10.1161/hyp.36.suppl_1.723-a ◽

2000 ◽

Vol 36 (suppl_1) ◽

pp. 723-723

Author(s):

Qing-Feng Tao ◽

Diego Martinez vasquez ◽

Ricardo Rocha ◽

Gordon H Williams ◽

Gail K Adler

Keyword(s):

Myocardial Infarction ◽

Drinking Water ◽

Mineralocorticoid Receptor ◽

Critical Role ◽

Weight Ratio ◽

Myocardial Necrosis ◽

Receptor Activation ◽

Control Group ◽

Sprague Dawley ◽

Sprague Dawley Rats

P165 Aldosterone through its interaction with the mineralocorticoid receptor (MR) plays a critical role in the development of hypertension and cardiovascular injury (CVI). Normally, MR is protected by 11β-hydroxysteroid dehydrogenase (11β-HSD) which inactivates glucocorticoids preventing their binding to MR. We hypothesis that if activation of MR by either aldosterone or glucocorticoids induces hypertension and CVI, then the inhibition of 11β-HSD with glycyrrhizin (GA), a natural inhibitor of 11β-HSD, should induce damage similar to that observed with aldosterone. Sprague-Dawley rats were uninephrectomized, and treated for 4 weeks with 1% NaCl (in drinking water) for the control group, 1% NaCl + aldosterone infusion (0.75 μg/h), or 1% NaCl + GA (3.5 g/l in drinking water).
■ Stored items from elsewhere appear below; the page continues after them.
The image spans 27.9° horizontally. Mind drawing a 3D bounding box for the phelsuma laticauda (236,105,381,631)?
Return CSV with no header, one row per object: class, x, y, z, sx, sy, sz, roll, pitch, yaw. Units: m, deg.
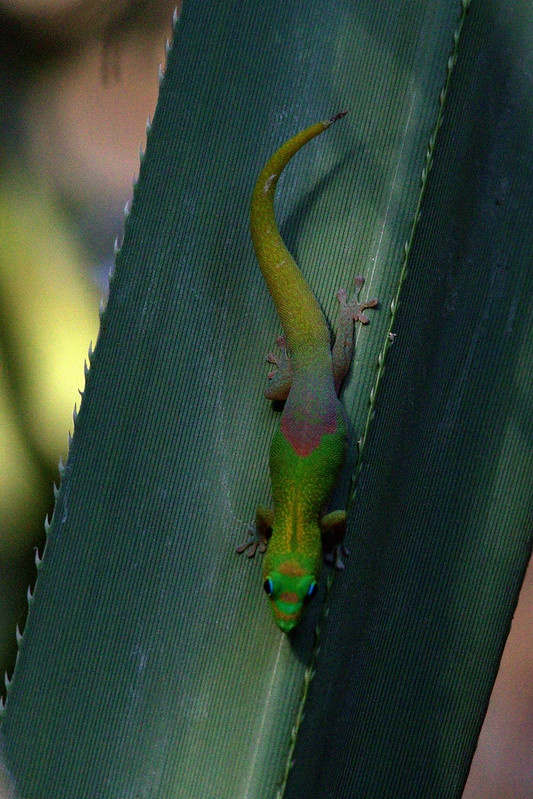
phelsuma laticauda,0.118,-0.088,2.642,0.327,1.233,0.234,1,3,-30
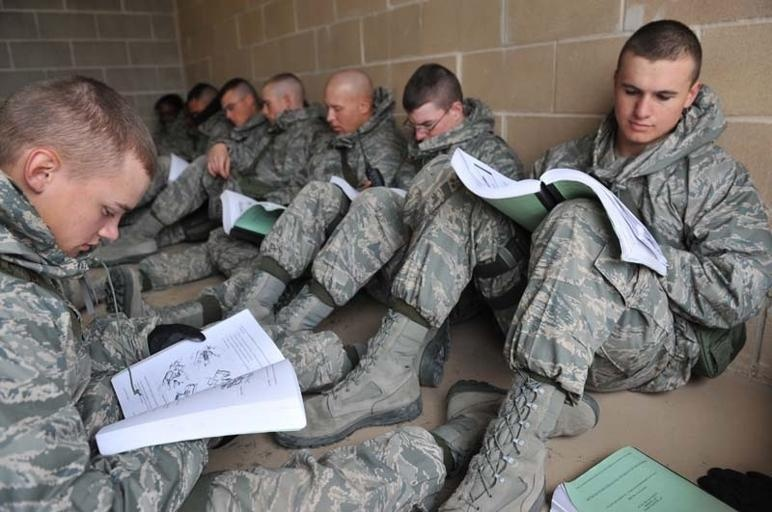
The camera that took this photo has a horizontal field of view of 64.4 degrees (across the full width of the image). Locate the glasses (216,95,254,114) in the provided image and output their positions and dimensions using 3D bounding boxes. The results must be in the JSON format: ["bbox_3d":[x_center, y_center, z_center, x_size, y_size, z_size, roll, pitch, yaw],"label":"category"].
[{"bbox_3d":[-1.098,-1.109,4.513,0.171,0.091,0.128,-8,7,-44],"label":"glasses"}]

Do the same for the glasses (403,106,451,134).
[{"bbox_3d":[0.199,-0.648,2.989,0.207,0.107,0.097,15,26,42],"label":"glasses"}]
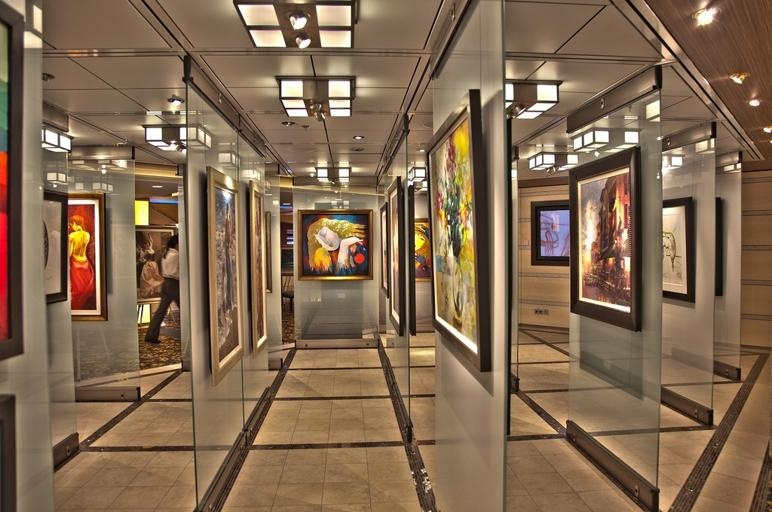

After 4 weeks, aldosterone and GA caused significant increases in blood pressure compared to control rats ([mean ± SEM] 211± 9, 205 ± 12, 120 ± 9 mmHg, respectively, p<0.001). Both aldosterone- and GA-treated rats had a significant increase in proteinuria (152.2 ± 8.7 and 107.7 ± 19.5 mg/d, respectively) versus controls (51.2 ± 9.5 mg/d). There was a significant increase (p<0.001) in heart to body weight ratio in the rats treated with aldosterone or GA compared with control (3.92 ± 0.10, 3.98 ± 0.88, and 3.24 ± 0.92 mg/g, respectively). Hearts of GA and aldosterone treated rats showed similar histological changes consisting of biventricular myocardial necrosis and fibrinoid necrosis of small coronary arteries and arterioles. These data suggests that in rodents activation of MR by either aldosterone or corticosterone leads to severe hypertension, vascular injury, proteinuria and myocardial infarction. Thus, 11β-HSD plays an important role in protecting the organism from injury.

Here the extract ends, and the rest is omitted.